* **INSTRUCTIONS FOR THE TASK**:
Reproduce the line that holds "picture [41, 47, 231, 172]" together with all the lines after it up to the end of the entries.

* **RECORDED DATA**:
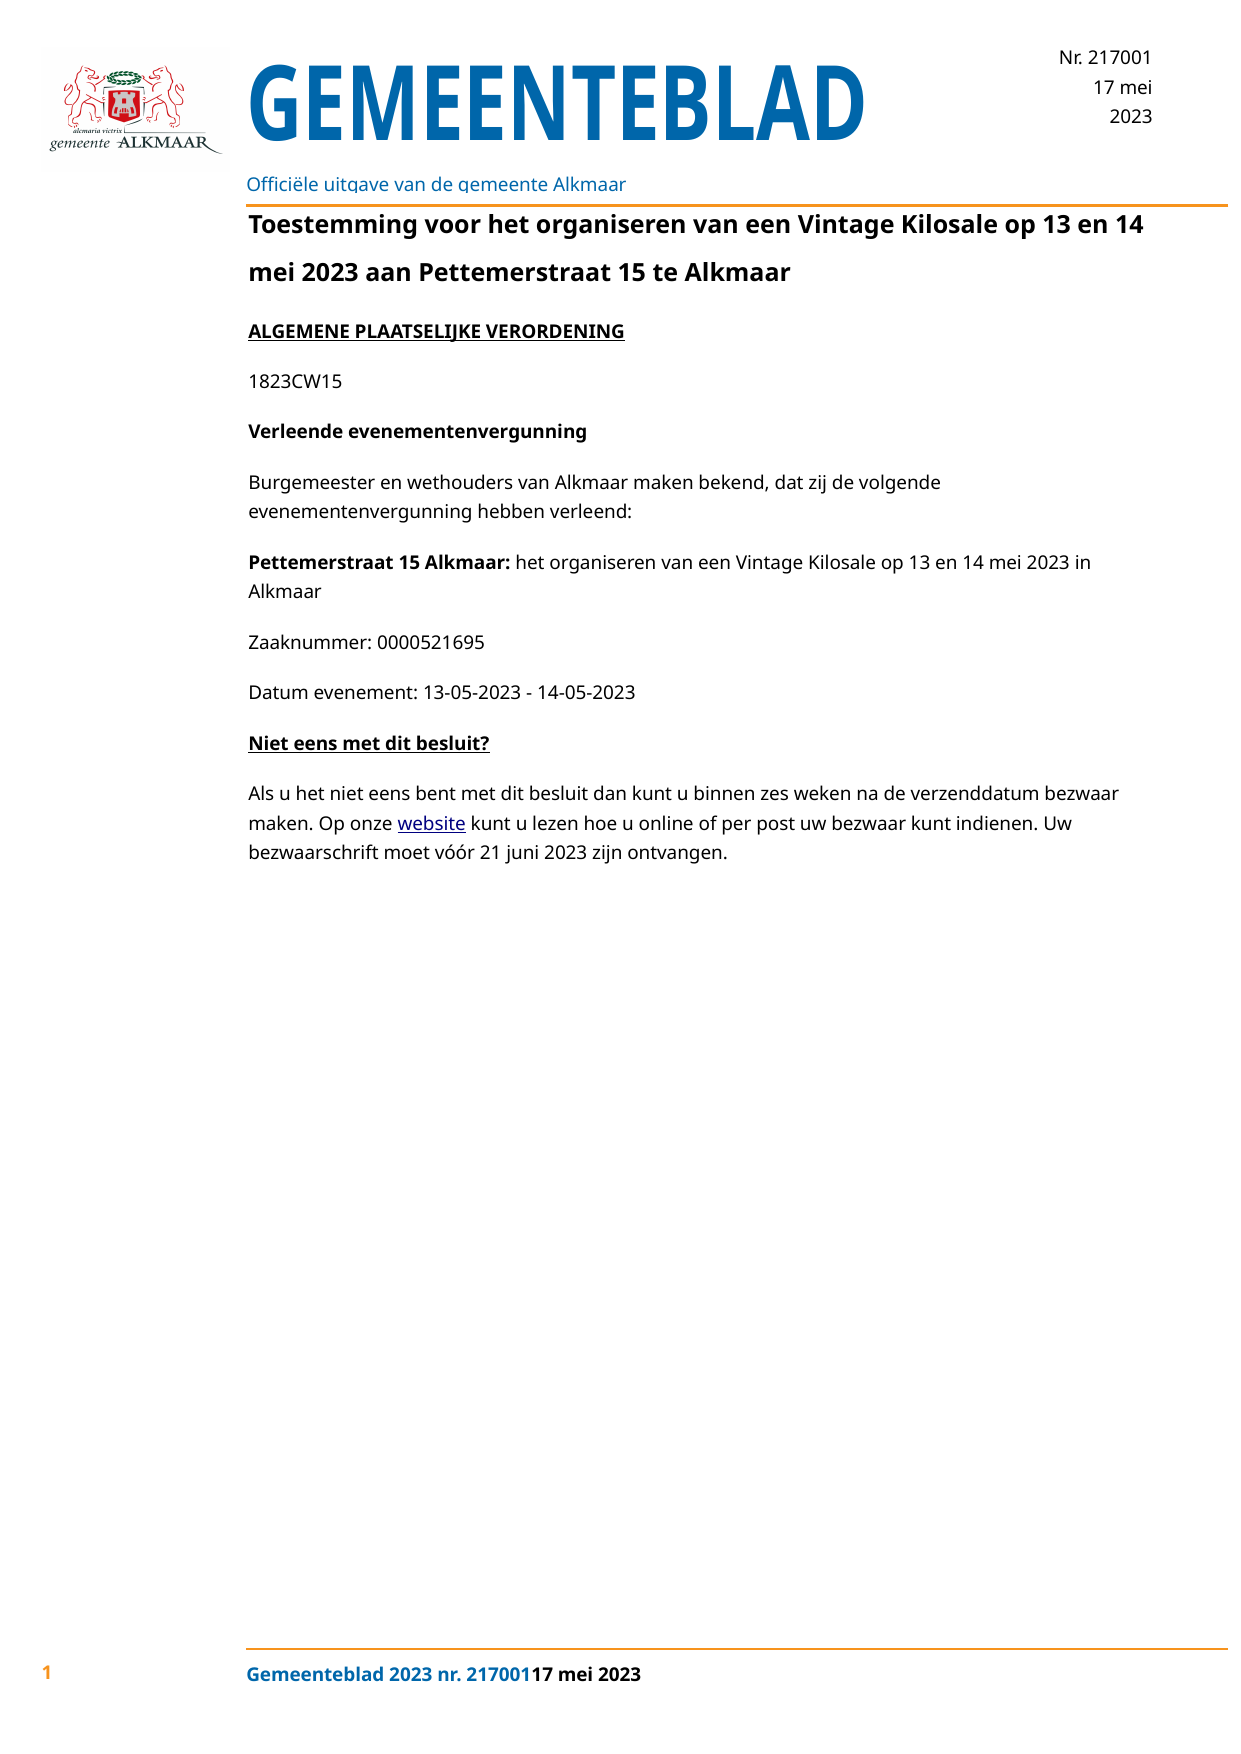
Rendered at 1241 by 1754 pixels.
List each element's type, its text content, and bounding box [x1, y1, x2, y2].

text Datum evenement: 13-05-2023 - 14-05-2023 [248, 679, 1152, 705]
text 1823CW15 [248, 368, 1152, 394]
text Zaaknummer: 0000521695 [248, 629, 1152, 655]
text Toestemming voor het organiseren van een Vintage Kilosale op 13 en 14 mei 2023 aan Pettemerstraat 15 te Alkmaar [248, 207, 1152, 288]
text ALGEMENE PLAATSELIJKE VERORDENING [248, 318, 1152, 344]
text Burgemeester en wethouders van Alkmaar maken bekend, dat zij de volgende evenementenvergunning hebben verleend: [248, 469, 1152, 524]
text Niet eens met dit besluit? [248, 730, 1152, 756]
text Pettemerstraat 15 Alkmaar: het organiseren van een Vintage Kilosale op 13 en 14 mei 2023 in Alkmaar [248, 549, 1152, 604]
text Verleende evenementenvergunning [248, 419, 1152, 444]
picture [41, 47, 231, 172]
text Als u het niet eens bent met dit besluit dan kunt u binnen zes weken na de verzenddatum bezwaar maken. Op onze website kunt u lezen hoe u online of per post uw bezwaar kunt indienen. Uw bezwaarschrift moet vóór 21 juni 2023 zijn ontvangen. [248, 780, 1152, 865]

* **THE COMPLETED TASK**:
picture [41, 47, 231, 172]
text Als u het niet eens bent met dit besluit dan kunt u binnen zes weken na de verzenddatum bezwaar maken. Op onze website kunt u lezen hoe u online of per post uw bezwaar kunt indienen. Uw bezwaarschrift moet vóór 21 juni 2023 zijn ontvangen. [248, 780, 1152, 865]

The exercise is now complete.